### WHAT TO PRODUCE
The lines below must be transcribed exactly as given, with the images removed.

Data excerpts
┌──

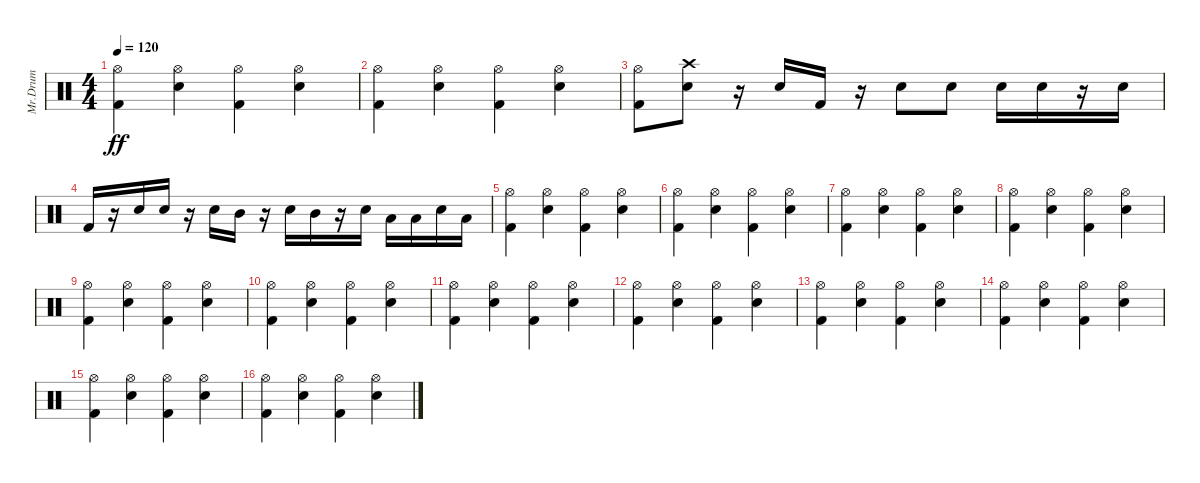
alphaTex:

\track ("Mr.Drum" "Mr.Drum") {instrument percussion}
\staff {score}
\articulation defaults
\ts (4 4)
\tempo 120
\clef neutral
\ks c
("Hi-Hat (open)" "Kick (hit) 2").4{dy ff} ("Hi-Hat (open)" "Electric Snare (hit)").4 ("Hi-Hat (open)" "Kick (hit) 2").4 ("Hi-Hat (open)" "Electric Snare (hit)").4 |
("Hi-Hat (open)" "Kick (hit) 2").4 ("Hi-Hat (open)" "Electric Snare (hit)").4 ("Hi-Hat (open)" "Kick (hit) 2").4 ("Hi-Hat (open)" "Electric Snare (hit)").4 |
("Hi-Hat (open)" "Kick (hit) 2").8 ("Crash high (hit)" "Electric Snare (hit)").8 r.16 "Electric Snare (hit)".16 "Kick (hit) 2".16 r.16 "Electric Snare (hit)".8 "Electric Snare (hit)".8 "Electric Snare (hit)".16 "Electric Snare (hit)".16 r.16 "Electric Snare (hit)".16 |
"Kick (hit) 2".16 r.16 "Electric Snare (hit)".16 "Electric Snare (hit)".16 r.16 "Electric Snare (hit)".16 "Mid Tom (hit)".16 r.16 "Electric Snare (hit)".16 "Mid Tom (hit)".16 r.16 "Electric Snare (hit)".16 "Low Tom (hit)".16 "Low Tom (hit)".16 "Electric Snare (hit)".16 "Low Tom (hit)".16 |
("Hi-Hat (open)" "Kick (hit) 2").4 ("Hi-Hat (open)" "Electric Snare (hit)").4 ("Hi-Hat (open)" "Kick (hit) 2").4 ("Hi-Hat (open)" "Electric Snare (hit)").4 |
("Hi-Hat (open)" "Kick (hit) 2").4 ("Hi-Hat (open)" "Electric Snare (hit)").4 ("Hi-Hat (open)" "Kick (hit) 2").4 ("Hi-Hat (open)" "Electric Snare (hit)").4 |
("Hi-Hat (open)" "Kick (hit) 2").4 ("Hi-Hat (open)" "Electric Snare (hit)").4 ("Hi-Hat (open)" "Kick (hit) 2").4 ("Hi-Hat (open)" "Electric Snare (hit)").4 |
("Hi-Hat (open)" "Kick (hit) 2").4 ("Hi-Hat (open)" "Electric Snare (hit)").4 ("Hi-Hat (open)" "Kick (hit) 2").4 ("Hi-Hat (open)" "Electric Snare (hit)").4 |
("Hi-Hat (open)" "Kick (hit) 2").4 ("Hi-Hat (open)" "Electric Snare (hit)").4 ("Hi-Hat (open)" "Kick (hit) 2").4 ("Hi-Hat (open)" "Electric Snare (hit)").4 |
("Hi-Hat (open)" "Kick (hit) 2").4 ("Hi-Hat (open)" "Electric Snare (hit)").4 ("Hi-Hat (open)" "Kick (hit) 2").4 ("Hi-Hat (open)" "Electric Snare (hit)").4 |
("Hi-Hat (open)" "Kick (hit) 2").4 ("Hi-Hat (open)" "Electric Snare (hit)").4 ("Hi-Hat (open)" "Kick (hit) 2").4 ("Hi-Hat (open)" "Electric Snare (hit)").4 |
("Hi-Hat (open)" "Kick (hit) 2").4 ("Hi-Hat (open)" "Electric Snare (hit)").4 ("Hi-Hat (open)" "Kick (hit) 2").4 ("Hi-Hat (open)" "Electric Snare (hit)").4 |
("Hi-Hat (open)" "Kick (hit) 2").4 ("Hi-Hat (open)" "Electric Snare (hit)").4 ("Hi-Hat (open)" "Kick (hit) 2").4 ("Hi-Hat (open)" "Electric Snare (hit)").4 |
("Hi-Hat (open)" "Kick (hit) 2").4 ("Hi-Hat (open)" "Electric Snare (hit)").4 ("Hi-Hat (open)" "Kick (hit) 2").4 ("Hi-Hat (open)" "Electric Snare (hit)").4 |
("Hi-Hat (open)" "Kick (hit) 2").4 ("Hi-Hat (open)" "Electric Snare (hit)").4 ("Hi-Hat (open)" "Kick (hit) 2").4 ("Hi-Hat (open)" "Electric Snare (hit)").4 |
("Hi-Hat (open)" "Kick (hit) 2").4 ("Hi-Hat (open)" "Electric Snare (hit)").4 ("Hi-Hat (open)" "Kick (hit) 2").4 ("Hi-Hat (open)" "Electric Snare (hit)").4

└──

### RESULT OF THIS TASK
alphaTex:

\track ("Mr.Drum" "Mr.Drum") {instrument percussion}
\staff {score}
\articulation defaults
\ts (4 4)
\tempo 120
\clef neutral
\ks c
("Hi-Hat (open)" "Kick (hit) 2").4{dy ff} ("Hi-Hat (open)" "Electric Snare (hit)").4 ("Hi-Hat (open)" "Kick (hit) 2").4 ("Hi-Hat (open)" "Electric Snare (hit)").4 |
("Hi-Hat (open)" "Kick (hit) 2").4 ("Hi-Hat (open)" "Electric Snare (hit)").4 ("Hi-Hat (open)" "Kick (hit) 2").4 ("Hi-Hat (open)" "Electric Snare (hit)").4 |
("Hi-Hat (open)" "Kick (hit) 2").8 ("Crash high (hit)" "Electric Snare (hit)").8 r.16 "Electric Snare (hit)".16 "Kick (hit) 2".16 r.16 "Electric Snare (hit)".8 "Electric Snare (hit)".8 "Electric Snare (hit)".16 "Electric Snare (hit)".16 r.16 "Electric Snare (hit)".16 |
"Kick (hit) 2".16 r.16 "Electric Snare (hit)".16 "Electric Snare (hit)".16 r.16 "Electric Snare (hit)".16 "Mid Tom (hit)".16 r.16 "Electric Snare (hit)".16 "Mid Tom (hit)".16 r.16 "Electric Snare (hit)".16 "Low Tom (hit)".16 "Low Tom (hit)".16 "Electric Snare (hit)".16 "Low Tom (hit)".16 |
("Hi-Hat (open)" "Kick (hit) 2").4 ("Hi-Hat (open)" "Electric Snare (hit)").4 ("Hi-Hat (open)" "Kick (hit) 2").4 ("Hi-Hat (open)" "Electric Snare (hit)").4 |
("Hi-Hat (open)" "Kick (hit) 2").4 ("Hi-Hat (open)" "Electric Snare (hit)").4 ("Hi-Hat (open)" "Kick (hit) 2").4 ("Hi-Hat (open)" "Electric Snare (hit)").4 |
("Hi-Hat (open)" "Kick (hit) 2").4 ("Hi-Hat (open)" "Electric Snare (hit)").4 ("Hi-Hat (open)" "Kick (hit) 2").4 ("Hi-Hat (open)" "Electric Snare (hit)").4 |
("Hi-Hat (open)" "Kick (hit) 2").4 ("Hi-Hat (open)" "Electric Snare (hit)").4 ("Hi-Hat (open)" "Kick (hit) 2").4 ("Hi-Hat (open)" "Electric Snare (hit)").4 |
("Hi-Hat (open)" "Kick (hit) 2").4 ("Hi-Hat (open)" "Electric Snare (hit)").4 ("Hi-Hat (open)" "Kick (hit) 2").4 ("Hi-Hat (open)" "Electric Snare (hit)").4 |
("Hi-Hat (open)" "Kick (hit) 2").4 ("Hi-Hat (open)" "Electric Snare (hit)").4 ("Hi-Hat (open)" "Kick (hit) 2").4 ("Hi-Hat (open)" "Electric Snare (hit)").4 |
("Hi-Hat (open)" "Kick (hit) 2").4 ("Hi-Hat (open)" "Electric Snare (hit)").4 ("Hi-Hat (open)" "Kick (hit) 2").4 ("Hi-Hat (open)" "Electric Snare (hit)").4 |
("Hi-Hat (open)" "Kick (hit) 2").4 ("Hi-Hat (open)" "Electric Snare (hit)").4 ("Hi-Hat (open)" "Kick (hit) 2").4 ("Hi-Hat (open)" "Electric Snare (hit)").4 |
("Hi-Hat (open)" "Kick (hit) 2").4 ("Hi-Hat (open)" "Electric Snare (hit)").4 ("Hi-Hat (open)" "Kick (hit) 2").4 ("Hi-Hat (open)" "Electric Snare (hit)").4 |
("Hi-Hat (open)" "Kick (hit) 2").4 ("Hi-Hat (open)" "Electric Snare (hit)").4 ("Hi-Hat (open)" "Kick (hit) 2").4 ("Hi-Hat (open)" "Electric Snare (hit)").4 |
("Hi-Hat (open)" "Kick (hit) 2").4 ("Hi-Hat (open)" "Electric Snare (hit)").4 ("Hi-Hat (open)" "Kick (hit) 2").4 ("Hi-Hat (open)" "Electric Snare (hit)").4 |
("Hi-Hat (open)" "Kick (hit) 2").4 ("Hi-Hat (open)" "Electric Snare (hit)").4 ("Hi-Hat (open)" "Kick (hit) 2").4 ("Hi-Hat (open)" "Electric Snare (hit)").4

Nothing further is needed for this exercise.